2. The artificial intelligence-based non-line-of-sight (NLOS) imaging reconstruction device of claim 1, wherein the input processing unit performs denoising through sensor noise simulation on the partial video to generate a denoised partial video.

3. The artificial intelligence-based non-line-of-sight (NLOS) imaging reconstruction device of claim 1, wherein

the neural network processing unit performs an input phasor convolution for generating the frequency-converted video by performing FFT transform, application of an illumination function, and IFFT transform on the partial video, and

the illumination function extracts a frequency band of interest by passing a specific frequency band in a frequency band of the partial video.

4. The artificial intelligence-based non-line-of-sight (NLOS) imaging reconstruction device of claim 3, wherein the neural network processing unit inputs the frequency-converted video to the time domain network implemented as a residual block for temporal information processing, to generate a temporal information preserving image.

5. The artificial intelligence-based non-line-of-sight (NLOS) imaging reconstruction device of claim 4, wherein the neural network processing unit inputs the temporal information preserving image to the frequency domain network implemented as a convolutional layer for processing frequency components of the temporal information preserving image, to generate a frequency information-processed video.

6. The artificial intelligence-based non-line-of-sight (NLOS) imaging reconstruction device of claim 5, wherein the neural network processing unit extracts a frequency band of interest from the frequency information-processed video through target training, to generate the predicted phasor field for predicting the hidden object.

7. The artificial intelligence-based non-line-of-sight (NLOS) imaging reconstruction device of claim 6, wherein the neural network processing unit implements the target training using a loss function for controlling outliers of the hidden object.

8. The artificial intelligence-based non-line-of-sight (NLOS) imaging reconstruction device of claim 1, wherein the scene reconstruction unit determines a position and shape of the object through a Rayleigh-Sommerfeld diffraction (RSD) operation for the frequency band constituting the predicted phasor field, to restore the hidden scene.

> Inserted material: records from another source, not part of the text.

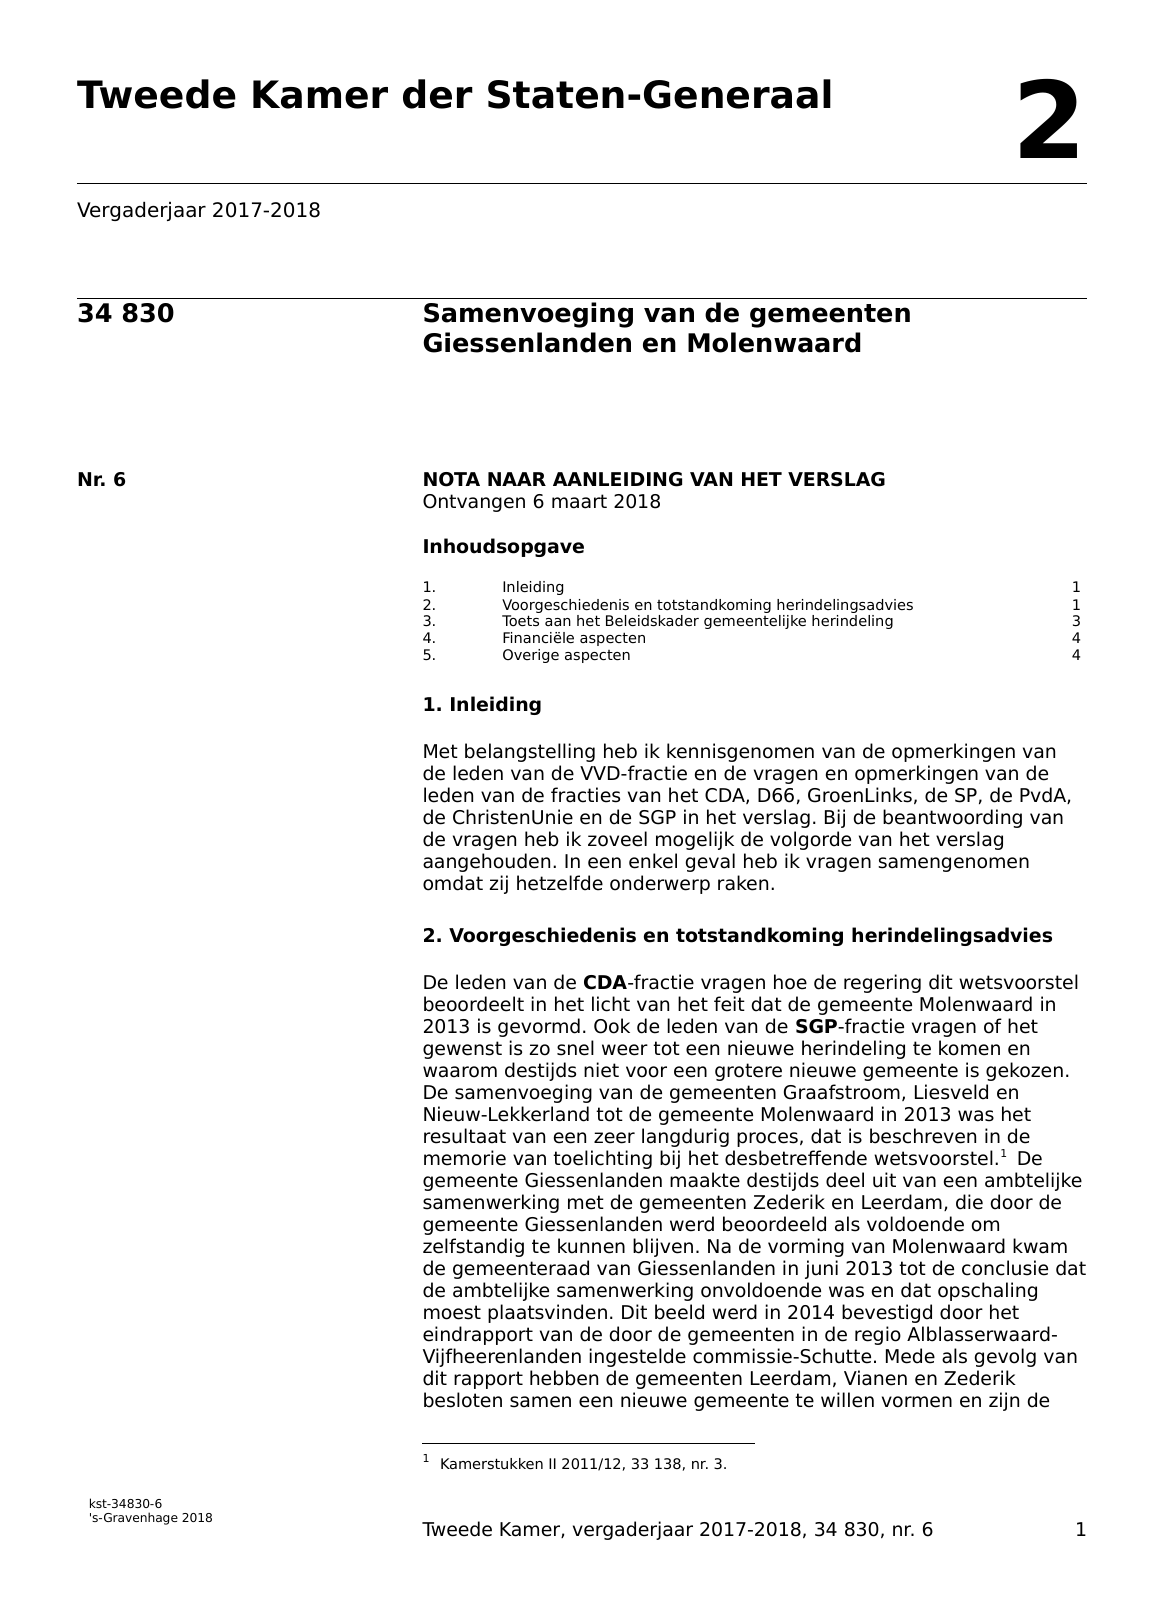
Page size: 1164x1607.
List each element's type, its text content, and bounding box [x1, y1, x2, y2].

table_header 2 [886, 59, 1087, 183]
table_cell 2. [422, 596, 496, 613]
subtitle 1. Inleiding [422, 694, 1087, 716]
text Met belangstelling heb ik kennisgenomen van de opmerkingen van de leden van de VVD-fractie en de vragen en opmerkingen van de leden van de fracties van het CDA, D66, GroenLinks, de SP, de PvdA, de ChristenUnie en de SGP in het verslag. Bij de beantwoording van de vragen heb ik zoveel mogelijk de volgorde van het verslag aangehouden. In een enkel geval heb ik vragen samengenomen omdat zij hetzelfde onderwerp raken. [422, 741, 1087, 895]
table_header Inleiding [496, 579, 1028, 596]
table_cell 3 [1028, 613, 1087, 630]
table_cell 4 [1028, 630, 1087, 647]
table_header Tweede Kamer der Staten-Generaal [77, 59, 886, 183]
table_cell Toets aan het Beleidskader gemeentelijke herindeling [496, 613, 1028, 630]
table_cell 1 [1028, 596, 1087, 613]
text kst-34830-6 [88, 1497, 323, 1511]
table_cell Overige aspecten [496, 647, 1028, 664]
subtitle 2. Voorgeschiedenis en totstandkoming herindelingsadvies [422, 925, 1087, 947]
subtitle Inhoudsopgave [422, 536, 1087, 557]
table_header 1 [1028, 579, 1087, 596]
table_cell 4. [422, 630, 496, 647]
table_cell Vergaderjaar 2017-2018 [77, 184, 1087, 298]
text Kamerstukken II 2011/12, 33 138, nr. 3. [422, 1452, 1087, 1474]
text 's-Gravenhage 2018 [88, 1511, 323, 1525]
table_cell 3. [422, 613, 496, 630]
text De leden van de CDA-fractie vragen hoe de regering dit wetsvoorstel beoordeelt in het licht van het feit dat de gemeente Molenwaard in 2013 is gevormd. Ook de leden van de SGP-fractie vragen of het gewenst is zo snel weer tot een nieuwe herindeling te komen en waarom destijds niet voor een grotere nieuwe gemeente is gekozen. De samenvoeging van de gemeenten Graafstroom, Liesveld en Nieuw-Lekkerland tot de gemeente Molenwaard in 2013 was het resultaat van een zeer langdurig proces, dat is beschreven in de memorie van toelichting bij het desbetreffende wetsvoorstel. De gemeente Giessenlanden maakte destijds deel uit van een ambtelijke samenwerking met de gemeenten Zederik en Leerdam, die door de gemeente Giessenlanden werd beoordeeld als voldoende om zelfstandig te kunnen blijven. Na de vorming van Molenwaard kwam de gemeenteraad van Giessenlanden in juni 2013 tot de conclusie dat de ambtelijke samenwerking onvoldoende was en dat opschaling moest plaatsvinden. Dit beeld werd in 2014 bevestigd door het eindrapport van de door de gemeenten in de regio Alblasserwaard-Vijfheerenlanden ingestelde commissie-Schutte. Mede als gevolg van dit rapport hebben de gemeenten Leerdam, Vianen en Zederik besloten samen een nieuwe gemeente te willen vormen en zijn de [422, 972, 1087, 1412]
table_cell Voorgeschiedenis en totstandkoming herindelingsadvies [496, 596, 1028, 613]
table_cell 5. [422, 647, 496, 664]
table_header 1. [422, 579, 496, 596]
subtitle 34 830 Samenvoeging van de gemeenten Giessenlanden en Molenwaard [77, 299, 1087, 358]
text Ontvangen 6 maart 2018 [422, 491, 1087, 513]
table_cell 4 [1028, 647, 1087, 664]
table_cell Financiële aspecten [496, 630, 1028, 647]
subtitle Nr. 6 NOTA NAAR AANLEIDING VAN HET VERSLAG [77, 469, 1087, 491]

9. An artificial intelligence-based non-line-of-sight (NLOS) imaging reconstruction method performed in an artificial intelligence-based non-line-of-sight (NLOS) imaging reconstruction device, the artificial intelligence-based non-line-of-sight (NLOS) imaging reconstruction method comprising:

an input processing step of sampling a partial video from an original image;

a neural network processing step of generating a frequency-converted video for the partial video and inputting the frequency-converted video to time and frequency domain networks to generate a predicted phasor field; and

a scene reconstruction step of reconstructing a hidden scene based on the predicted phasor field.